As GOFA's sponsor, Rep. Chris Smith of New Jersey, bluntly put it, repressive regimes in Iran, China, and Syria "are transforming the Internet into a 'weapon of mass surveillance.'" The bill has been kicking around Congress in various forms since 2006 after Yahoo handed over dissidents' email account information to the Chinese authorities and other companies including Cisco, Microsoft, and Google came under fire for aiding Chinese political censorship to varying degrees. While its specifics have changed over the years, the current version contains three main elements:
1. It requires the State Department to create a list of "Internet-restricting countries."
2. It requires that all companies listed on U.S. stock exchanges disclose to the Securities and Exchange Commission what procedures and practices they have put in place to protect the free expression and privacy rights of users in "Internet-restricting" countries.
3. It revises U.S. export control laws to forbid the export of censorship and surveillance technology to "Internet-restricting countries."
GOFA has received ringing endorsements from a number of human rights groups as well as from Yahoo -- which, after a few years of humiliation in Congress and the media over its mistakes in China, has made a public commitment to human rights. The second part of the bill, focused on corporate transparency, is modeled after sections 1502 and 1504 of the recently passed Dodd-Frank Act, which requires conflict-minerals and extractive-revenue disclosure. It is based on the premise that at least some investors care about the human rights responsibilities of U.S.-listed businesses. More broadly, the idea is that just as companies are expected to commit to basic environmental, labor, and human rights standards when it comes to their operations in the physical world, investors, consumers, and government regulators should expect similar commitments to users' and customers' rights to digital free expression and privacy when using the Internet and mobile devices.
Companies that join the Global Network Initiative (GNI), a multi-stakeholder organization through which Internet and telecommunications companies work with human rights groups, socially responsible investors, and academics to uphold core principles on free expression, privacy, and human rights, would receive "safe harbor" from this requirement. So far only five companies have joined the GNI: Google, Microsoft, Yahoo, Websense, and Evoca. (Full disclosure: I am on the GNI's board of directors.) It is possible that the bill will be an incentive for more companies to join the GNI even if it fails to pass.

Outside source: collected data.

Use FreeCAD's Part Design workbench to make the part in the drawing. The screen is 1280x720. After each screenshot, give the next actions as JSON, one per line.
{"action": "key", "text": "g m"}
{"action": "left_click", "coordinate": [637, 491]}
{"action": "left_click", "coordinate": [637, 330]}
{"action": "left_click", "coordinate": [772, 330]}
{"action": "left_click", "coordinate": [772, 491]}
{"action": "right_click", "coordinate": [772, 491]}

Some free speech groups, however, have stopped short of a full-on endorsement of the bill. The Center for Democracy and Technology, while supportive of its general aims, cautions that GOFA needs refining in order to prevent unintended restrictions on the sale of badly needed technology to activists and NGOs working in authoritarian countries. Existing laws already fail to get the balance right: The Electronic Frontier Foundation is campaigning to reform current trade sanctions that are preventing opposition activists in countries like Syria from accessing U.S. companies' software and communications tools. The digital freedom group Access shares these concerns and also worries that the State Department's list of "Internet-restricting countries" will become politicized, potentially absolving companies that assist U.S. allies in censoring and monitoring political dissent.

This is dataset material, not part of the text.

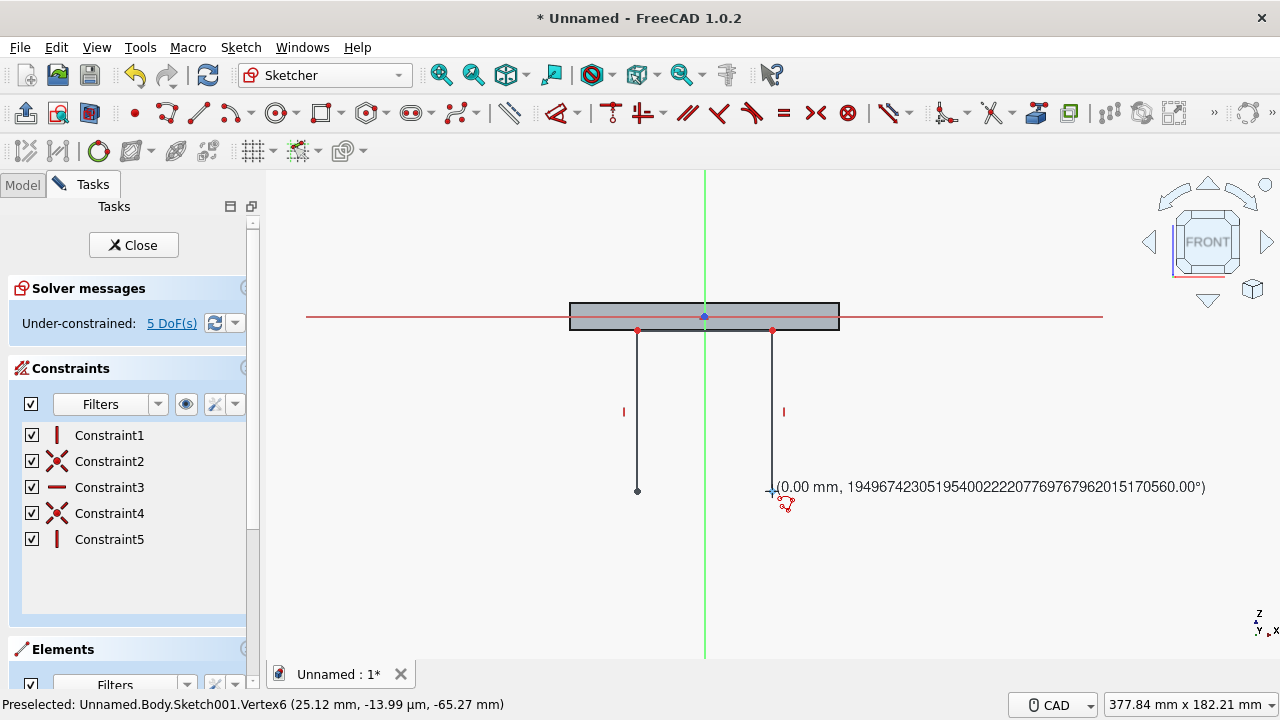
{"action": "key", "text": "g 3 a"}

The bill's drafters have further created problems for themselves by combining export controls and transparency requirements in one piece of legislation that applies to the same list of "Internet-restricting" countries. Export controls by nature target a list of countries that, due to U.S. trade and diplomatic interests and political lobbying by companies, is inevitably a relatively short list focused on the worst offenders. Thus the export control section of the bill will create pressure on the State Department to keep the list of "Internet-restricting" countries as short as possible.
Yet the bill's transparency requirements will lose much of their force and meaning unless they target corporate-government collaboration in a much wider range of countries where governments attempt to abuse censorship and surveillance powers. Consider, for example, India, the world's largest democracy -- which is unlikely to be placed on a State Department "Internet-restricting countries" list making it subject to sanctions -- but where the government is making increasingly aggressive demands of Internet companies to censor content and hand over user information. Or Britain, where civil liberties groups are in an uproar over plans by Prime Minister David Cameron's government to introduce a law enabling the government to monitor calls, emails, texts, and website visits of everyone in the country without a court order or warrant. Under GOFA, companies are unlikely to be held responsible for assisting these democratically elected governments in abusing their censorship and surveillance powers.
In congressional testimony last December, I argued that the section of GOFA requiring companies to adopt and disclose measures to protect Internet users' free expression and privacy rights should be based on a universal standard, not just the State Department's whim. The Global Network Initiative, for example, applies a global standard to corporate-government interactions. Why? Because the initiative's members -- who include a range of civil liberties groups, human rights organizations, socially responsible investors, and academics -- cannot come up with a single country where the abuse of free expression and privacy by government and corporations is not a genuine concern.